MAX_BATCH_EXERCISES = 50
# Preview: pro Request nur wenige Übungen — sonst Gateway-504 (Fritz!Box o.ä. ~60s).
MAX_PREVIEW_BATCH_EXERCISES = 3

_INSTRUCTION_FIELDS = ("goal", "execution", "preparation", "trainer_notes")
_SKILL_COMPARE_KEYS = ("intensity", "required_level", "target_level", "is_primary")


def _focus_areas_ai_ctx_from_detail(exercise: Dict[str, Any]) -> list[tuple[int, bool]]:
    rows: list[tuple[int, bool]] = []
    for row in exercise.get("focus_areas") or []:
        if not isinstance(row, dict):
            continue
        try:
            fid = int(row.get("focus_area_id"))
        except (TypeError, ValueError):
            continue
        if fid < 1:
            continue
        rows.append((fid, bool(row.get("is_primary"))))
    rows.sort(key=lambda x: (not x[1], x[0]))
    return rows


def _focus_area_hint_from_detail(exercise: Dict[str, Any]) -> str:
    parts: List[str] = []
    for row in exercise.get("focus_areas") or []:
        if isinstance(row, dict):
            nm = (row.get("name") or "").strip()
            if nm:
                parts.append(nm)
    txt = ", ".join(parts).strip()
    if len(txt) > 900:
        return txt[:899] + "…"
    return txt


def build_form_context_from_exercise(exercise: Dict[str, Any]) -> ExerciseFormAiPromptContext:
    focus = _focus_area_hint_from_detail(exercise)
    fctx = _focus_areas_ai_ctx_from_detail(exercise)
    return ExerciseFormAiPromptContext.from_focus_tuples(
        title=str(exercise.get("title") or "").strip(),
        goal=exercise.get("goal"),
        execution=exercise.get("execution"),
        preparation=exercise.get("preparation"),
        trainer_notes=exercise.get("trainer_notes"),
        focus_hint=focus or None,
        focus_tuples=fctx or None,
    )


def validate_exercise_for_enrichment(
    exercise: Dict[str, Any],
    *,
    want_skills: bool = False,
    want_summary: bool = False,
    want_instructions: bool = False,
) -> Optional[str]:
    title = str(exercise.get("title") or "").strip()
    if not title:
        return "Titel fehlt"

    ctx = build_form_context_from_exercise(exercise)
    g_plain = strip_html_to_plain(exercise.get("goal"))
    e_plain = strip_html_to_plain(exercise.get("execution"))
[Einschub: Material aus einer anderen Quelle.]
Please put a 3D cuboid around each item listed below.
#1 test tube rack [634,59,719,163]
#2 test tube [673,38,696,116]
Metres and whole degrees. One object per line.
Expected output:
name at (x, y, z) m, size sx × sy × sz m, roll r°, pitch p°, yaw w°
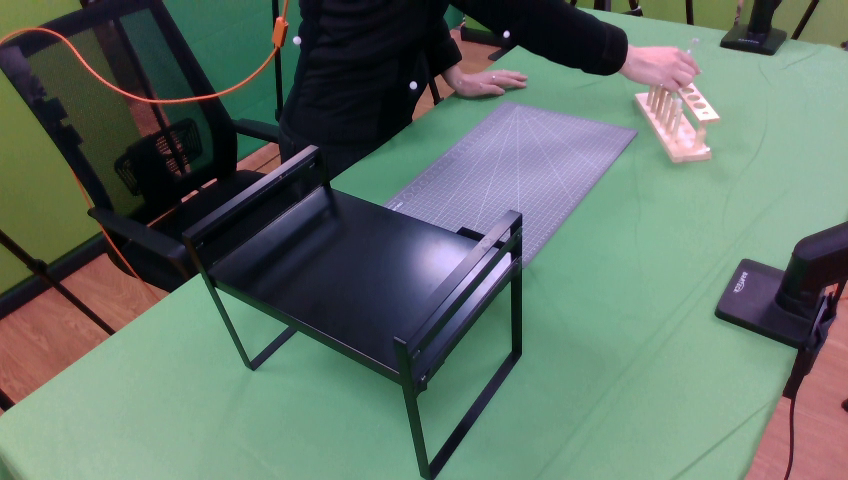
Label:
test tube rack at (0.471, -0.250, 1.148) m, size 0.067 × 0.085 × 0.241 m, roll -6°, pitch 40°, yaw 3°
test tube at (0.483, -0.301, 1.129) m, size 0.017 × 0.151 × 0.017 m, roll -2°, pitch 39°, yaw 2°
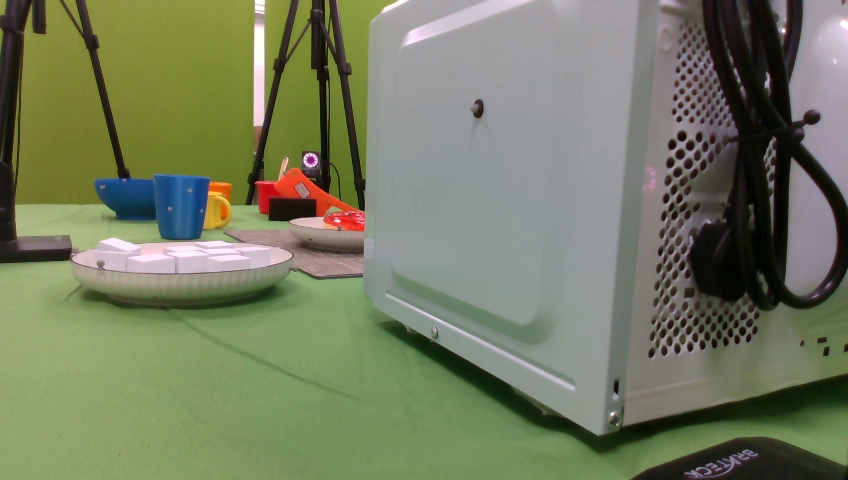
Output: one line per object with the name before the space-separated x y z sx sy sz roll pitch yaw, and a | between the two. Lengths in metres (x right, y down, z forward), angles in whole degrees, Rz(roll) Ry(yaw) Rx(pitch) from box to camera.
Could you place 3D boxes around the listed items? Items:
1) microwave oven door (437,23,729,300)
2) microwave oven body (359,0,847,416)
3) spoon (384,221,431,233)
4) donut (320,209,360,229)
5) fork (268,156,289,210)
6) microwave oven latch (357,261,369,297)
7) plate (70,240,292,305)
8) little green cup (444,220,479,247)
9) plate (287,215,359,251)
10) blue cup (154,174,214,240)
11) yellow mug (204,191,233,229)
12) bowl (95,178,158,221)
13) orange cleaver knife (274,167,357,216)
microwave oven door | 0.181 -0.072 0.621 0.358 0.243 0.039 -2 9 -29
microwave oven body | 0.211 -0.047 0.474 0.444 0.260 0.324 -1 7 -28
spoon | -0.024 -0.029 1.188 0.041 0.021 0.194 -12 0 23
donut | -0.115 -0.023 0.961 0.099 0.048 0.099 5 9 0
fork | -0.360 -0.144 1.508 0.028 0.018 0.207 1 49 0
microwave oven latch | -0.019 0.033 0.531 0.079 0.029 0.030 -1 7 -27
plate | -0.242 0.031 0.618 0.208 0.039 0.207 2 8 0
little green cup | 0.064 -0.011 1.035 0.061 0.038 0.061 0 11 0
plate | -0.112 -0.012 0.960 0.209 0.038 0.209 3 8 0
blue cup | -0.390 -0.053 0.978 0.093 0.100 0.092 3 6 0
yellow mug | -0.415 -0.057 1.132 0.130 0.064 0.100 6 8 16
bowl | -0.576 -0.081 1.217 0.151 0.077 0.151 3 8 0
orange cleaver knife | -0.238 -0.091 1.381 0.212 0.077 0.012 31 0 -19

    if want_skills or want_summary:
        if not (g_plain.strip() or e_plain.strip()):
            return "Mindestens Ziel oder Durchführung muss Inhalt liefern (für Skills/Kurzfassung)"

    if want_instructions and not ctx.has_instruction_source_text():
        return "Für Anleitungs-Überarbeitung fehlt Ausgangstext (Titel oder Anleitungsfeld)"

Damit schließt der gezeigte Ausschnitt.